Bash is one of those shells with so many rich built-in tools that is hard to remember them all. But it does have a hand read line feature that can be used for the task.


#!/bin/bash
file="/home/dstokes/Downloads/zips.json"
while IFS= read line
do
 echo "INSERT INTO zipcode (doc) VALUES ('$line');"
done <"$file"
Run the script and output the data to a file named foo, ./loader.sh > foo.

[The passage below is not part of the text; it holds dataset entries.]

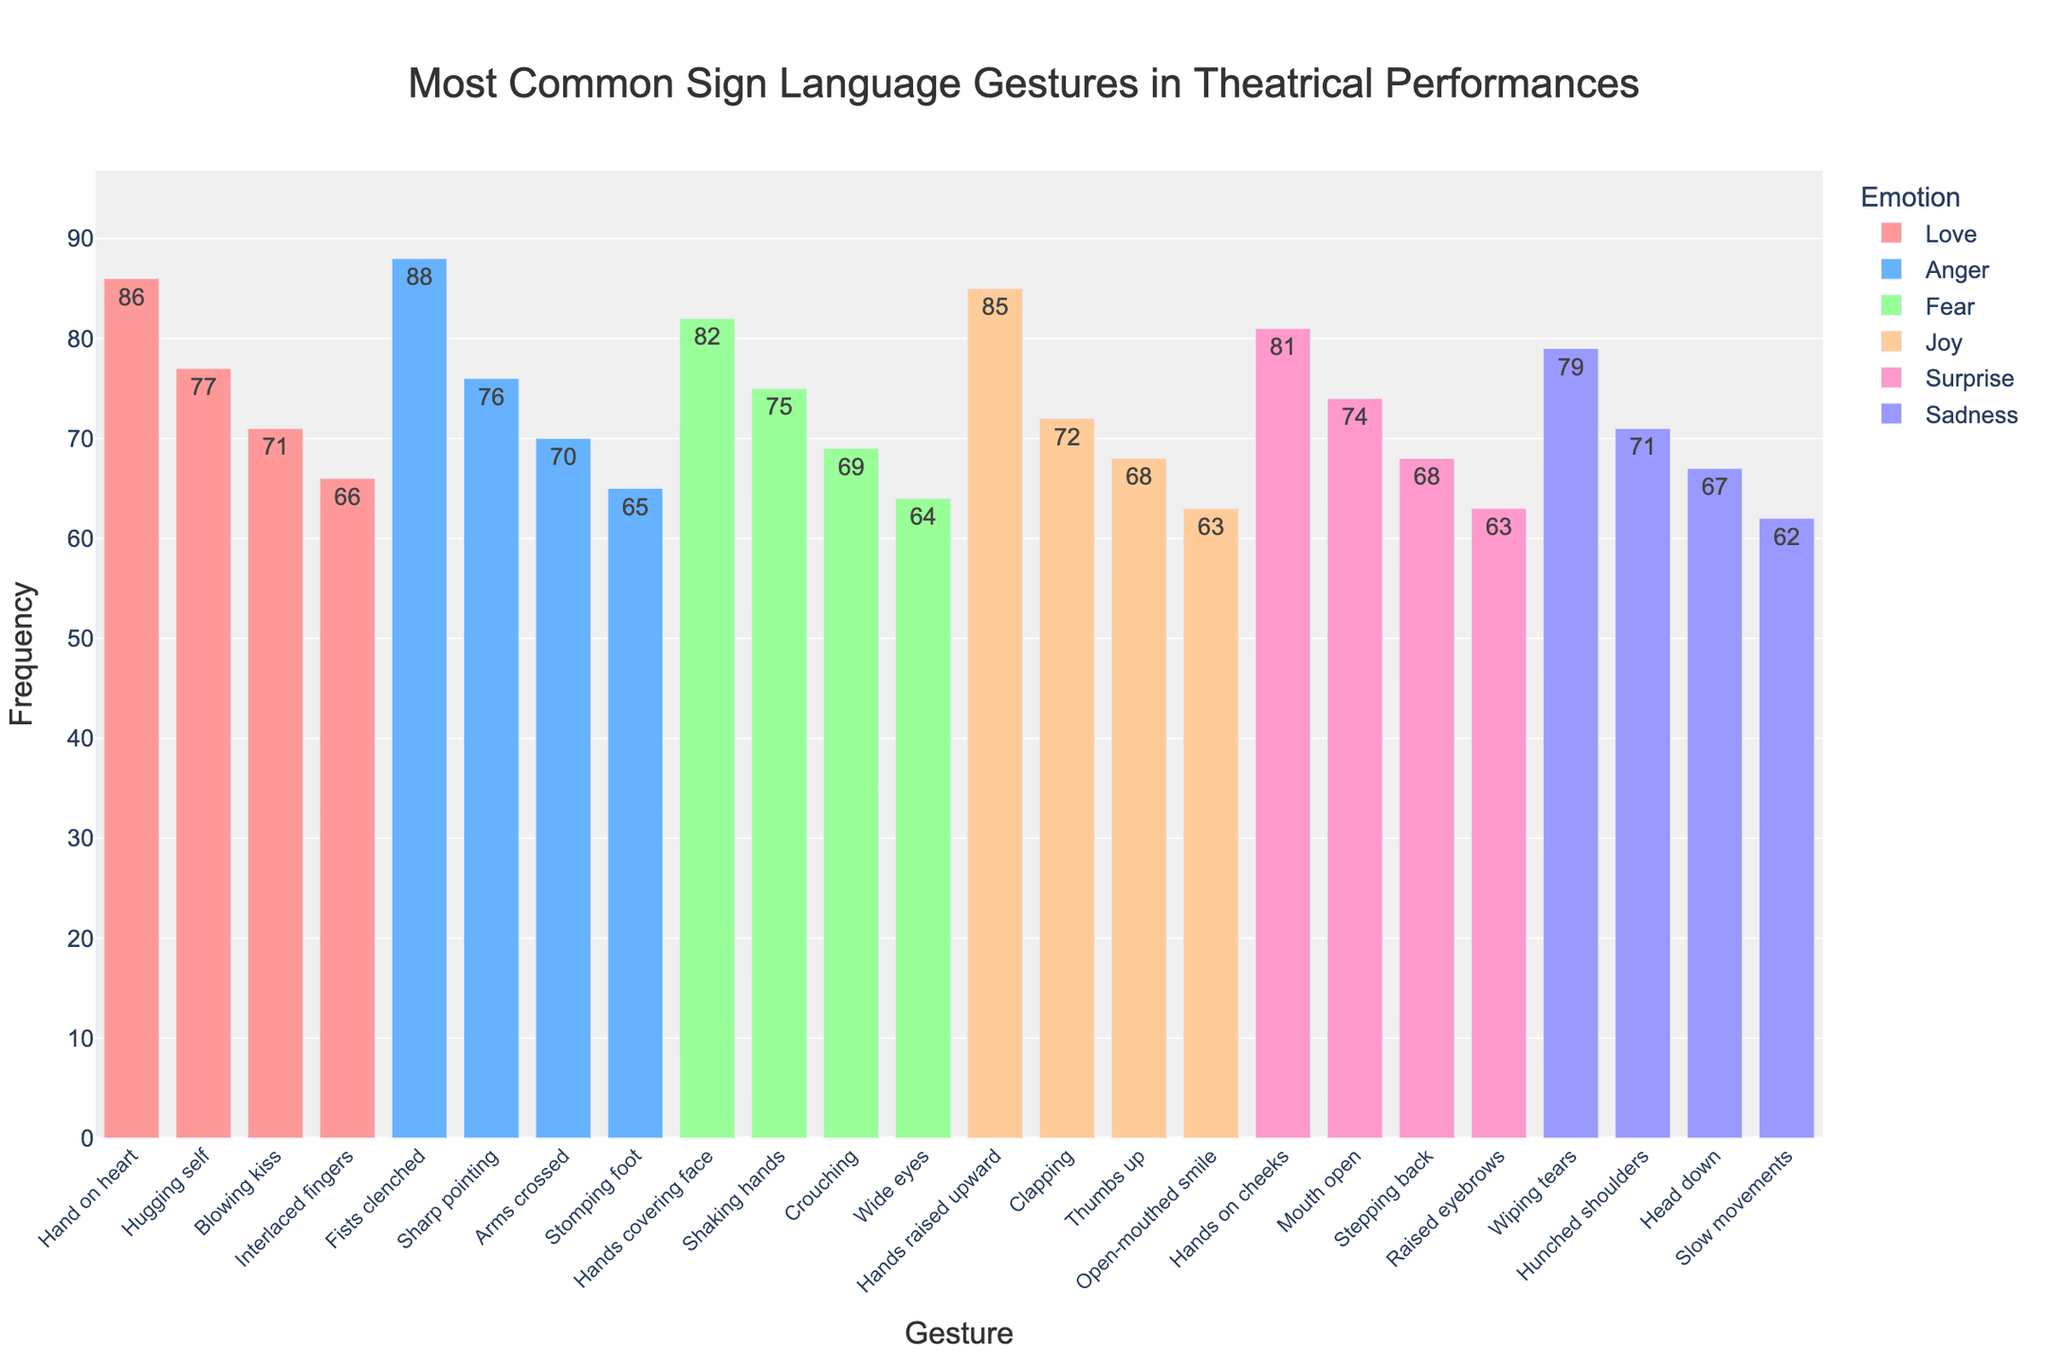Which emotion has the gesture with the highest frequency overall? The figure shows bars for different gestures under each emotion. The highest bar is for the gesture "Fists clenched" under the emotion "Anger" with a frequency of 88.
Answer: Anger What is the total frequency of gestures associated with "Joy"? To find the total frequency for Joy, sum the frequencies of all four gestures under Joy: 85 (Hands raised upward) + 72 (Clapping) + 68 (Thumbs up) + 63 (Open-mouthed smile) = 288.
Answer: 288 Which gesture and emotion combination has the lowest frequency? By observing the shortest bar in the figure, we see that "Slow movements" under "Sadness" has the lowest frequency of 62.
Answer: Slow movements, Sadness Compare the frequencies of the "Hands covering face" gesture and the "Hugging self" gesture. Which one is more common and by how much? The "Hands covering face" gesture (under Fear) has a frequency of 82, while the "Hugging self" gesture (under Love) has a frequency of 77. The difference is 82 - 77 = 5.
Answer: Hands covering face, by 5 What is the average frequency of the gestures associated with the emotion "Surprise"? The frequencies for Surprise are 81 (Hands on cheeks) + 74 (Mouth open) + 68 (Stepping back) + 63 (Raised eyebrows). Sum these values to get 286. To find the average, divide by 4 (the number of gestures): 286 / 4 = 71.5.
Answer: 71.5 Which emotion has the greatest total frequency of gestures and what is it? Sum the frequencies of all gestures under each emotion, then compare the totals. Anger has the greatest total with 88 (Fists clenched) + 76 (Sharp pointing) + 70 (Arms crossed) + 65 (Stomping foot) = 299.
Answer: Anger How much more frequent is the "Hand on heart" gesture compared to the "Wide eyes" gesture? The "Hand on heart" gesture (under Love) has a frequency of 86, while the "Wide eyes" gesture (under Fear) has a frequency of 64. The difference is 86 - 64 = 22.
Answer: 22 Which gestures under "Fear" have higher frequencies than "Thumbs up" under "Joy"? "Thumbs up" under Joy has a frequency of 68. Under Fear, "Hands covering face" (82), "Shaking hands" (75), and "Crouching" (69) all have higher frequencies than 68.
Answer: Hands covering face, Shaking hands, Crouching

The output shows how the data is wrapped:
$head foo
INSERT INTO zipcode (doc) VALUES ('{ "city" : "AGAWAM", "loc" : [ -72.622739, 42.070206 ], "pop" : 15338, "state" : "MA", "_id" : "01001" }');
INSERT INTO zipcode (doc) VALUES ('{ "city" : "CUSHMAN", "loc" : [ -72.51564999999999, 42.377017 ], "pop" : 36963, "state" : "MA", "_id" : "01002" }');
INSERT INTO zipcode (doc) VALUES ('{ "city" : "BARRE", "loc" : [ -72.10835400000001, 42.409698 ], "pop" : 4546, "state" : "MA", "_id" : "01005" }');
INSERT INTO zipcode (doc) VALUES ('{ "city" : "BELCHERTOWN", "loc" : [ -72.41095300000001, 42.275103 ], "pop" : 10579, "state" : "MA", "_id" : "01007" }');
INSERT INTO zipcode (doc) VALUES ('{ "city" : "BLANDFORD", "loc" : [ -72.936114, 42.182949 ], "pop" : 1240, "state" : "MA", "_id" : "01008" }');
INSERT INTO zipcode (doc) VALUES ('{ "city" : "BRIMFIELD", "loc" : [ -72.188455, 42.116543 ], "pop" : 3706, "state" : "MA", "_id" : "01010" }');
INSERT INTO zipcode (doc) VALUES ('{ "city" : "CHESTER", "loc" : [ -72.988761, 42.279421 ], "pop" : 1688, "state" : "MA", "_id" : "01011" }');
INSERT INTO zipcode (doc) VALUES ('{ "city" : "CHESTERFIELD", "loc" : [ -72.833309, 42.38167 ], "pop" : 177, "state" : "MA", "_id" : "01012" }');
INSERT INTO zipcode (doc) VALUES ('{ "city" : "CHICOPEE", "loc" : [ -72.607962, 42.162046 ], "pop" : 23396, "state" : "MA", "_id" : "01013" }');
INSERT INTO zipcode (doc) VALUES ('{ "city" : "CHICOPEE", "loc" : [ -72.576142, 42.176443 ], "pop" : 31495, "state" : "MA", "_id" : "01020" }');

So now the data can be loaded with mysql -u itisme test < foo.